DATA SHOWN START

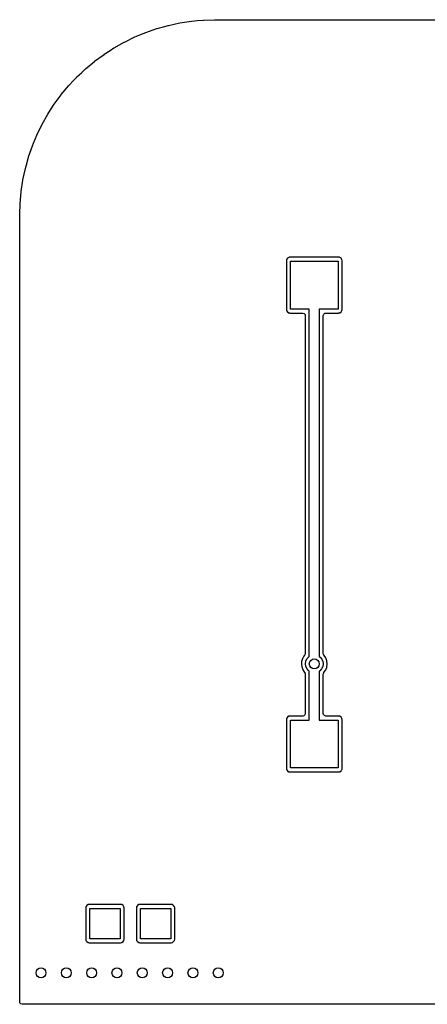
# Model space of a CAD drawing. Extents: x 0.02 to 2.38, y 0.02 to 1.96.
# Tile 1 of 3: x 0.02 to 0.82, y 0.02 to 1.96. Entities that reach past the tile are written whole.
import ezdxf

# ---------------------------------------------------------------- set-up
doc = ezdxf.new("R2010")
doc.units = 0
doc.header["$MEASUREMENT"] = 0
doc.layers.add('BLACK', color=7, linetype='CONTINUOUS')

msp = doc.modelspace()

# ---------------------------------------------------------------- linework, layer by layer
at = {"layer": 'BLACK', "linetype": 'CONTINUOUS'}
for p, q in [((0.267026, 1.93561), (0.288775, 1.94311)), ((0.288775, 1.94311), (0.28906, 1.9432)), ((0.28906, 1.9432), (0.304218, 1.94743)), ((0.304218, 1.94743), (0.311222, 1.94938)), ((0.311222, 1.94938), (0.311513, 1.94945)), ((0.311513, 1.94945), (0.334007, 1.95428)), ((0.334007, 1.95428), (0.334302, 1.95433)), ((0.334302, 1.95433), (0.357047, 1.95779)), ((0.357047, 1.95779), (0.357344, 1.95783)), ((0.357344, 1.95783), (0.3688, 1.95887)), ((0.3688, 1.95887), (0.380256, 1.95991)), ((0.380256, 1.95991), (0.380554, 1.95993)), ((0.380554, 1.95993), (0.402271, 1.96059)), ((0.402271, 1.96059), (0.402609, 1.96055)), ((0.402609, 1.96055), (0.403142, 1.96055)), ((0.403142, 1.96055), (0.403687, 1.96043)), ((0.403687, 1.96043), (0.404232, 1.96055)), ((0.404232, 1.96055), (0.404424, 1.96055)), ((0.404424, 1.96055), (0.405136, 1.96063)), ((0.405136, 1.96063), (1.99484, 1.96063)), ((0.224533, 1.9165), (0.245218, 1.92657)), ((0.245218, 1.92657), (0.245491, 1.9267)), ((0.245491, 1.9267), (0.255186, 1.93071)), ((0.255186, 1.93071), (0.266747, 1.9355)), ((0.266747, 1.9355), (0.267026, 1.93561)), ((0.19636, 1.89998), (0.203972, 1.90491)), ((0.203972, 1.90491), (0.204229, 1.90506)), ((0.204229, 1.90506), (0.224268, 1.91636)), ((0.224268, 1.91636), (0.224533, 1.9165)), ((0.165875, 1.87861), (0.184406, 1.89224)), ((0.184406, 1.89224), (0.184652, 1.89241)), ((0.184652, 1.89241), (0.19636, 1.89998)), ((0.147966, 1.86369), (0.165639, 1.87842)), ((0.165639, 1.87842), (0.165875, 1.87861)), ((0.12485, 1.84122), (0.130778, 1.84752)), ((0.130778, 1.84752), (0.130989, 1.84773)), ((0.130989, 1.84773), (0.139787, 1.85601)), ((0.139787, 1.85601), (0.147741, 1.8635)), ((0.147741, 1.8635), (0.147966, 1.86369)), ((0.10008, 1.81287), (0.114809, 1.83054)), ((0.114809, 1.83054), (0.115008, 1.83076)), ((0.115008, 1.83076), (0.12485, 1.84122)), ((0.08626, 1.7941), (0.099896, 1.81263)), ((0.099896, 1.81263), (0.10008, 1.81287)), ((0.078846, 1.78265), (0.08609, 1.79385)), ((0.08609, 1.79385), (0.08626, 1.7941)), ((0.062142, 1.75424), (0.073444, 1.77428)), ((0.073444, 1.77428), (0.073599, 1.77453)), ((0.073599, 1.77453), (0.078846, 1.78265)), ((0.051931, 1.73329), (0.062003, 1.75397)), ((0.062003, 1.75397), (0.062142, 1.75424)), ((0.045287, 1.71727), (0.051808, 1.73301)), ((0.051808, 1.73301), (0.051931, 1.73329)), ((0.035393, 1.68973), (0.042898, 1.71148)), ((0.042898, 1.71148), (0.043004, 1.71176)), ((0.043004, 1.71176), (0.045287, 1.71727)), ((0.029126, 1.66728), (0.031078, 1.67429)), ((0.031078, 1.67429), (0.035304, 1.68944)), ((0.035304, 1.68944), (0.035393, 1.68973)), ((0.024225, 1.6445), (0.029054, 1.66699)), ((0.029054, 1.66699), (0.029126, 1.66728)), ((0.02071, 1.62146), (0.024171, 1.6442)), ((0.024171, 1.6442), (0.024225, 1.6445)), ((0.018592, 1.59825), (0.020674, 1.62116)), ((0.020674, 1.62116), (0.02071, 1.62146)), ((0.017916, 1.57621), (0.018573, 1.59795)), ((0.018573, 1.59795), (0.018592, 1.59825)), ((0.017874, 1.57335), (0.017951, 1.57402)), ((0.017954, 1.57582), (0.017916, 1.57621)), ((0.017951, 1.57424), (0.018076, 1.57479)), ((0.017951, 1.57402), (0.017951, 1.57424)), ((0.017953, 1.57533), (0.017954, 1.57582)), ((0.018076, 1.57479), (0.017953, 1.57533)), ((0.017874, 0.022835), (0.017874, 1.57335)), ((0.544926, 1.48733), (0.544469, 1.48503)), ((0.544469, 1.48503), (0.544469, 1.38899)), ((0.546671, 1.48994), (0.544926, 1.48733)), ((0.549282, 1.49169), (0.546671, 1.48994)), ((0.549761, 1.49178), (0.549282, 1.49169)), ((0.551346, 1.4921), (0.549761, 1.49178)), ((0.549761, 1.49178), (0.549761, 1.49178)), ((0.551585, 1.49215), (0.551346, 1.4921)), ((0.647628, 1.49215), (0.551585, 1.49215)), ((0.552362, 1.38976), (0.552362, 1.48425)), ((0.552362, 1.48425), (0.64685, 1.48425)), ((0.64685, 1.48425), (0.64685, 1.38976)), ((0.647867, 1.4921), (0.647628, 1.49215)), ((0.649451, 1.49178), (0.647867, 1.4921)), ((0.64993, 1.49169), (0.649451, 1.49178)), ((0.649451, 1.49178), (0.649451, 1.49178)), ((0.652541, 1.48994), (0.64993, 1.49169)), ((0.654286, 1.48733), (0.652541, 1.48994)), ((0.654744, 1.48503), (0.654286, 1.48733)), ((0.654744, 1.38899), (0.654744, 1.48503)), ((0.544469, 1.38899), (0.544926, 1.38668)), ((0.544926, 1.38668), (0.546671, 1.38407)), ((0.546671, 1.38407), (0.549282, 1.38233)), ((0.549282, 1.38233), (0.549761, 1.38223)), ((0.549761, 1.38223), (0.549761, 1.38223)), ((0.549761, 1.38223), (0.551346, 1.38192)), ((0.551346, 1.38192), (0.551585, 1.38187)), ((0.551585, 1.38187), (0.576909, 1.38187)), ((0.589764, 1.38976), (0.552362, 1.38976)), ((0.576909, 1.38187), (0.579591, 1.38108)), ((0.579591, 1.38108), (0.581422, 1.37897)), ((0.589764, 0.703902), (0.589764, 1.38976)), ((0.64685, 1.38976), (0.609449, 1.38976)), ((0.609449, 1.38976), (0.609449, 0.703894)), ((0.617343, 1.37691), (0.61813, 1.37959)), ((0.61813, 1.37959), (0.620242, 1.38142)), ((0.620242, 1.38142), (0.622303, 1.38187)), ((0.622303, 1.38187), (0.647628, 1.38187)), ((0.647628, 1.38187), (0.647867, 1.38192)), ((0.647867, 1.38192), (0.649451, 1.38223)), ((0.649451, 1.38223), (0.64993, 1.38233)), ((0.649451, 1.38223), (0.649451, 1.38223)), ((0.64993, 1.38233), (0.652541, 1.38407)), ((0.652541, 1.38407), (0.654286, 1.38668)), ((0.654286, 1.38668), (0.654744, 1.38899)), ((0.581422, 1.37897), (0.58187, 1.37691)), ((0.58187, 1.37691), (0.58187, 0.710017)), ((0.617343, 0.71002), (0.617343, 1.37691)), ((0.577045, 0.701704), (0.574811, 0.695973)), ((0.577328, 0.702107), (0.577045, 0.701704)), ((0.58041, 0.706491), (0.577328, 0.702107)), ((0.580582, 0.706736), (0.58041, 0.706491)), ((0.580711, 0.706849), (0.580582, 0.706736)), ((0.581083, 0.707335), (0.580711, 0.706849)), ((0.58187, 0.710017), (0.581083, 0.707335)), ((0.584963, 0.699225), (0.588251, 0.702948)), ((0.588251, 0.702948), (0.589764, 0.703902)), ((0.609449, 0.703894), (0.611123, 0.702809)), ((0.611123, 0.702809), (0.614366, 0.699045)), ((0.617399, 0.709272), (0.617343, 0.71002)), ((0.618582, 0.706739), (0.617399, 0.709272)), ((0.618586, 0.706735), (0.618582, 0.706739)), ((0.618809, 0.706536), (0.618586, 0.706735)), ((0.618979, 0.70629), (0.618809, 0.706536)), ((0.618979, 0.706289), (0.618979, 0.70629)), ((0.622124, 0.701713), (0.618979, 0.706289)), ((0.622293, 0.701467), (0.622124, 0.701713)), ((0.622124, 0.701713), (0.622124, 0.701713)), ((0.624467, 0.695713), (0.622293, 0.701467)), ((0.57406, 0.690268), (0.574008, 0.689874)), ((0.574008, 0.689874), (0.574683, 0.683761)), ((0.574545, 0.693956), (0.57406, 0.690268)), ((0.574811, 0.695973), (0.574545, 0.693956)), ((0.574683, 0.683761), (0.574785, 0.68348)), ((0.574785, 0.68348), (0.576652, 0.678378)), ((0.582088, 0.68982), (0.582852, 0.694729)), ((0.582732, 0.684895), (0.582088, 0.68982)), ((0.584733, 0.680348), (0.582732, 0.684895)), ((0.582852, 0.694729), (0.584963, 0.699225)), ((0.587929, 0.676546), (0.584733, 0.680348)), ((0.616297, 0.68428), (0.614131, 0.679809)), ((0.614366, 0.699045), (0.616422, 0.694524)), ((0.617121, 0.689178), (0.616297, 0.68428)), ((0.616422, 0.694524), (0.617126, 0.689606)), ((0.617126, 0.689606), (0.617121, 0.689178)), ((0.622326, 0.677984), (0.624222, 0.682703)), ((0.624222, 0.682703), (0.624334, 0.682981)), ((0.624222, 0.682703), (0.624222, 0.682703)), ((0.624334, 0.682981), (0.625201, 0.68907)), ((0.625206, 0.689606), (0.624467, 0.695713)), ((0.625201, 0.68907), (0.625206, 0.689606)), ((0.576652, 0.678378), (0.576796, 0.677984)), ((0.576796, 0.677984), (0.580227, 0.672879)), ((0.580227, 0.672879), (0.580448, 0.672677)), ((0.580448, 0.672677), (0.580644, 0.672451)), ((0.580644, 0.672451), (0.580547, 0.672368)), ((0.580547, 0.672368), (0.581701, 0.670474)), ((0.581701, 0.670474), (0.58187, 0.669191)), ((0.58187, 0.669191), (0.58187, 0.591594)), ((0.589764, 0.675324), (0.587929, 0.676546)), ((0.589764, 0.57874), (0.589764, 0.675324)), ((0.610797, 0.676127), (0.609449, 0.675299)), ((0.609449, 0.675299), (0.609449, 0.57874)), ((0.614131, 0.679809), (0.610797, 0.676127)), ((0.617343, 0.669192), (0.61813, 0.671874)), ((0.617343, 0.591594), (0.617343, 0.669192)), ((0.61813, 0.671874), (0.618425, 0.672257)), ((0.618425, 0.672257), (0.61845, 0.672278)), ((0.61845, 0.672278), (0.62204, 0.677273)), ((0.62204, 0.677273), (0.622326, 0.677984)), ((0.546671, 0.584431), (0.544926, 0.58182)), ((0.549282, 0.586176), (0.546671, 0.584431)), ((0.549761, 0.586271), (0.549282, 0.586176)), ((0.551346, 0.586586), (0.549761, 0.586271)), ((0.549761, 0.586271), (0.549761, 0.586271)), ((0.551585, 0.586634), (0.551346, 0.586586)), ((0.576909, 0.586634), (0.551585, 0.586634)), ((0.57897, 0.587082), (0.576909, 0.586634)), ((0.581083, 0.588913), (0.57897, 0.587082)), ((0.58187, 0.591594), (0.581083, 0.588913)), ((0.617791, 0.589534), (0.617343, 0.591594)), ((0.619621, 0.587421), (0.617791, 0.589534)), ((0.622303, 0.586634), (0.619621, 0.587421)), ((0.647628, 0.586634), (0.622303, 0.586634)), ((0.647867, 0.586586), (0.647628, 0.586634)), ((0.649451, 0.586271), (0.647867, 0.586586)), ((0.64993, 0.586176), (0.649451, 0.586271)), ((0.649451, 0.586271), (0.649451, 0.586271)), ((0.652541, 0.584431), (0.64993, 0.586176)), ((0.654286, 0.58182), (0.652541, 0.584431)), ((0.544926, 0.58182), (0.544469, 0.579518)), ((0.544469, 0.579518), (0.544469, 0.483474)), ((0.552362, 0.484252), (0.552362, 0.57874)), ((0.552362, 0.57874), (0.589764, 0.57874)), ((0.609449, 0.57874), (0.64685, 0.57874)), ((0.64685, 0.57874), (0.64685, 0.484252)), ((0.654744, 0.579518), (0.654286, 0.58182)), ((0.654744, 0.483474), (0.654744, 0.579518)), ((0.544469, 0.483474), (0.544516, 0.483236)), ((0.544516, 0.483236), (0.544755, 0.482036)), ((0.544755, 0.482036), (0.544926, 0.481172)), ((0.544926, 0.481172), (0.546671, 0.478561)), ((0.546671, 0.478561), (0.549282, 0.476816)), ((0.549282, 0.476816), (0.549761, 0.476721)), ((0.549761, 0.476721), (0.549761, 0.476721)), ((0.549761, 0.476721), (0.550615, 0.476551)), ((0.550615, 0.476551), (0.551585, 0.476358)), ((0.551585, 0.476358), (0.647628, 0.476358)), ((0.64685, 0.484252), (0.552362, 0.484252)), ((0.647628, 0.476358), (0.648597, 0.476551)), ((0.648597, 0.476551), (0.649451, 0.476721)), ((0.649451, 0.476721), (0.64993, 0.476816)), ((0.649451, 0.476721), (0.649451, 0.476721)), ((0.64993, 0.476816), (0.652541, 0.478561)), ((0.652541, 0.478561), (0.654286, 0.481172)), ((0.654286, 0.481172), (0.654458, 0.482036)), ((0.654458, 0.482036), (0.654697, 0.483236)), ((0.654697, 0.483236), (0.654744, 0.483474)), ((0.153141, 0.214601), (0.150529, 0.212856)), ((0.15362, 0.214696), (0.153141, 0.214601)), ((0.155204, 0.215012), (0.15362, 0.214696)), ((0.15362, 0.214696), (0.15362, 0.214696)), ((0.155443, 0.215059), (0.155204, 0.215012)), ((0.216998, 0.215059), (0.155443, 0.215059)), ((0.217237, 0.215012), (0.216998, 0.215059)), ((0.218821, 0.214696), (0.217237, 0.215012)), ((0.2193, 0.214601), (0.218821, 0.214696)), ((0.218821, 0.214696), (0.218821, 0.214696)), ((0.221911, 0.212856), (0.2193, 0.214601)), ((0.253141, 0.214601), (0.250529, 0.212856)), ((0.25362, 0.214696), (0.253141, 0.214601)), ((0.255204, 0.215012), (0.25362, 0.214696)), ((0.25362, 0.214696), (0.25362, 0.214696)), ((0.255443, 0.215059), (0.255204, 0.215012)), ((0.316998, 0.215059), (0.255443, 0.215059)), ((0.317237, 0.215012), (0.316998, 0.215059)), ((0.318821, 0.214696), (0.317237, 0.215012)), ((0.3193, 0.214601), (0.318821, 0.214696)), ((0.318821, 0.214696), (0.318821, 0.214696)), ((0.321911, 0.212856), (0.3193, 0.214601)), ((0.148785, 0.210245), (0.148327, 0.207943)), ((0.148327, 0.207943), (0.148327, 0.146388)), ((0.150529, 0.212856), (0.148785, 0.210245)), ((0.15622, 0.147165), (0.15622, 0.207165)), ((0.15622, 0.207165), (0.21622, 0.207165)), ((0.21622, 0.207165), (0.21622, 0.147165)), ((0.223656, 0.210245), (0.221911, 0.212856)), ((0.224114, 0.207943), (0.223656, 0.210245)), ((0.224114, 0.146388), (0.224114, 0.207943)), ((0.248785, 0.210245), (0.248327, 0.207943)), ((0.248327, 0.207943), (0.248327, 0.146388)), ((0.250529, 0.212856), (0.248785, 0.210245)), ((0.25622, 0.147165), (0.25622, 0.207165)), ((0.25622, 0.207165), (0.31622, 0.207165)), ((0.31622, 0.207165), (0.31622, 0.147165)), ((0.323656, 0.210245), (0.321911, 0.212856)), ((0.324114, 0.207943), (0.323656, 0.210245)), ((0.324114, 0.146388), (0.324114, 0.207943)), ((0.148327, 0.146388), (0.148785, 0.144085)), ((0.148785, 0.144085), (0.150529, 0.141474)), ((0.150529, 0.141474), (0.153141, 0.13973)), ((0.153141, 0.13973), (0.15362, 0.139634)), ((0.15362, 0.139634), (0.15362, 0.139634)), ((0.15362, 0.139634), (0.155204, 0.139319)), ((0.155204, 0.139319), (0.155443, 0.139272)), ((0.155443, 0.139272), (0.216998, 0.139272)), ((0.21622, 0.147165), (0.15622, 0.147165)), ((0.216998, 0.139272), (0.217237, 0.139319)), ((0.217237, 0.139319), (0.218821, 0.139634)), ((0.218821, 0.139634), (0.2193, 0.13973)), ((0.218821, 0.139634), (0.218821, 0.139634)), ((0.2193, 0.13973), (0.221911, 0.141474)), ((0.221911, 0.141474), (0.223656, 0.144085)), ((0.223656, 0.144085), (0.224114, 0.146388)), ((0.248327, 0.146388), (0.248785, 0.144085)), ((0.248785, 0.144085), (0.250529, 0.141474)), ((0.250529, 0.141474), (0.253141, 0.13973)), ((0.253141, 0.13973), (0.25362, 0.139634)), ((0.25362, 0.139634), (0.25362, 0.139634)), ((0.25362, 0.139634), (0.255204, 0.139319)), ((0.255204, 0.139319), (0.255443, 0.139272)), ((0.255443, 0.139272), (0.316998, 0.139272)), ((0.31622, 0.147165), (0.25622, 0.147165)), ((0.316998, 0.139272), (0.317237, 0.139319)), ((0.317237, 0.139319), (0.318821, 0.139634)), ((0.318821, 0.139634), (0.3193, 0.13973)), ((0.318821, 0.139634), (0.318821, 0.139634)), ((0.3193, 0.13973), (0.321911, 0.141474)), ((0.321911, 0.141474), (0.323656, 0.144085)), ((0.323656, 0.144085), (0.324114, 0.146388)), ((0.018322, 0.020774), (0.017874, 0.022835)), ((0.020153, 0.018662), (0.018322, 0.020774)), ((0.022835, 0.017874), (0.020153, 0.018662)), ((2.37717, 0.017874), (0.022835, 0.017874))]:
    msp.add_line(p, q, dxfattribs=at)
at = {"layer": 'BLACK'}
for centre in [(0.599606, 0.689606), (0.06, 0.08), (0.11, 0.08), (0.16, 0.08), (0.21, 0.08), (0.26, 0.08), (0.31, 0.08), (0.36, 0.08), (0.41, 0.08)]:
    msp.add_circle(centre, 0.009843, dxfattribs=at)

doc.saveas('drawing.dxf')

DATA SHOWN END

* **TASK INSTRUCTIONS**:
Show the lines of the listing above with "dxfattribs".

* **EXPECTED ANSWER**:
    msp.add_line(p, q, dxfattribs=at)
    msp.add_circle(centre, 0.009843, dxfattribs=at)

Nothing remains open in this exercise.